You can deduce some illuminating insights from this query plan:

  • To optimise the aggregation, the database engine has reordered the pipeline positioning the filter belonging to the $match to the top of the pipeline. The database engine moves the content of $match ahead of the $unwind stage without changing the aggregation's functional behaviour or outcome.

  • The first stage of the database optimised version of the pipeline is an internal $cursor stage, regardless of the order you placed the pipeline stages in. The $cursor runtime stage is always the first action executed for any aggregation. Under the covers, the aggregation engine re-uses the MQL query engine to perform a "regular" query against the collection, with a filter based on the aggregation's $match contents. The aggregation runtime uses the resulting query cursor to pull batches of records. This is similar to how a client application with a MongoDB driver uses a query cursor when remotely invoking an MQL query to pull batches. As with a normal MQL query, the regular database query engine will try to use an index if it makes sense. In this case an index is indeed leveraged, as is visible in the embedded $queryPlanner metadata, showing the "stage" : "IXSCAN" element and the index used, "indexName" : "customer_id_1".

  • To further optimise the aggregation, the database engine has collapsed the $sort and $limit into a single special internal sort stage which can perform both actions in one go. In this situation, during the sorting process, the aggregation engine only has to track the current three most expensive orders in memory. It does not have to hold the whole data set in memory when sorting, which may otherwise be resource prohibitive in many scenarios, requiring more RAM than is available.

You might also want to see the execution stats part of the explain plan. The specific new information shown in executionStats, versus the default of queryPlanner, is identical to the normal MQL explain plan returned for a regular find() operation. Consequently, for aggregations, similar principles to MQL apply for spotting things like "have I used the optimal index?" and "does my data model lend itself to efficiently processing this query?".

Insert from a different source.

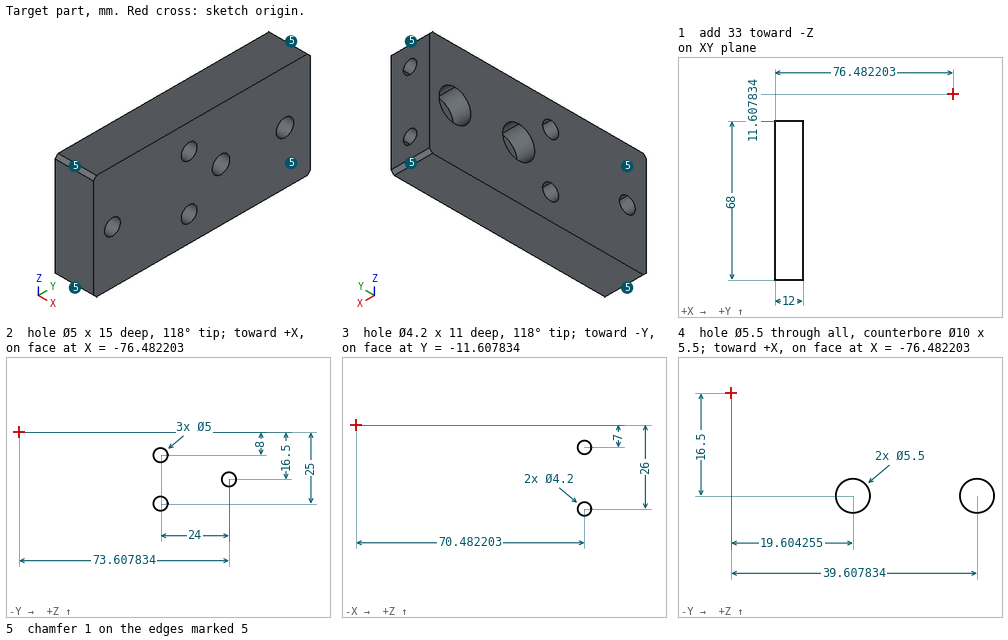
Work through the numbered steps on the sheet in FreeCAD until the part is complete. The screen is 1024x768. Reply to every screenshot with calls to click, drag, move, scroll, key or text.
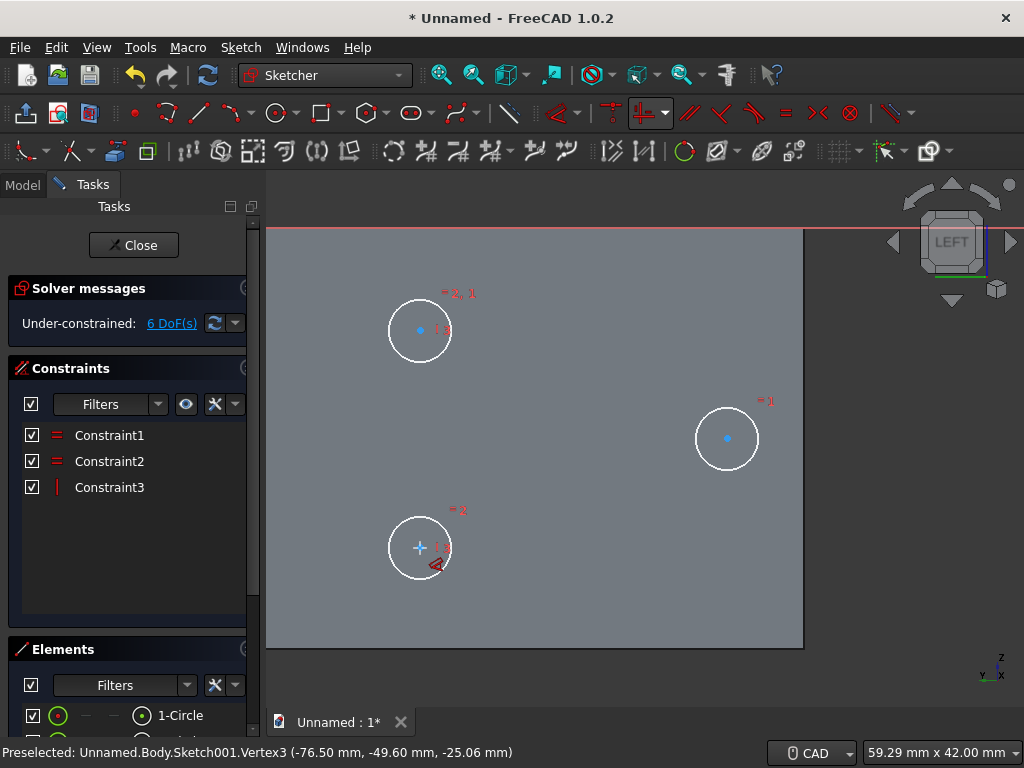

You ask for the execution stats part of the explain plan:

db.customer_orders.explain("executionStats").aggregate(pipeline);

Below is a redacted example of the output you will see, highlighting some of the most relevant metadata elements you should generally focus on.

executionStats: {
  nReturned: 1,
  totalKeysExamined: 1,
  totalDocsExamined: 1,
  executionStages: {
    stage: 'FETCH',
    nReturned: 1,
    works: 2,
    advanced: 1,
    docsExamined: 1,
    inputStage: {
      stage: 'IXSCAN',
      nReturned: 1,
      works: 2,
      advanced: 1,
      keyPattern: { customer_id: 1 },
      indexName: 'customer_id_1',
      direction: 'forward',
      indexBounds: {
        customer_id: [
          '["tonijones@myemail.com", "tonijones@myemail.com"]'
        ]
      },
      keysExamined: 1,
    }
  }
}

Here, this part of the plan also shows that the aggregation uses the existing index. Because totalKeysExamined and totalDocsExamined match, the aggregation fully leverages this index to identify the required records, which is good news. Nevertheless, the targeted index doesn't necessarily mean the aggregation's query part is fully optimised. For example, if there is the need to reduce latency further, you can do some analysis to determine if the index can completely cover the query. Suppose the cursor query part of the aggregation is satisfied entirely using the index and does not have to examine any raw documents. In that case, you will see totalDocsExamined: 0 in the explain plan.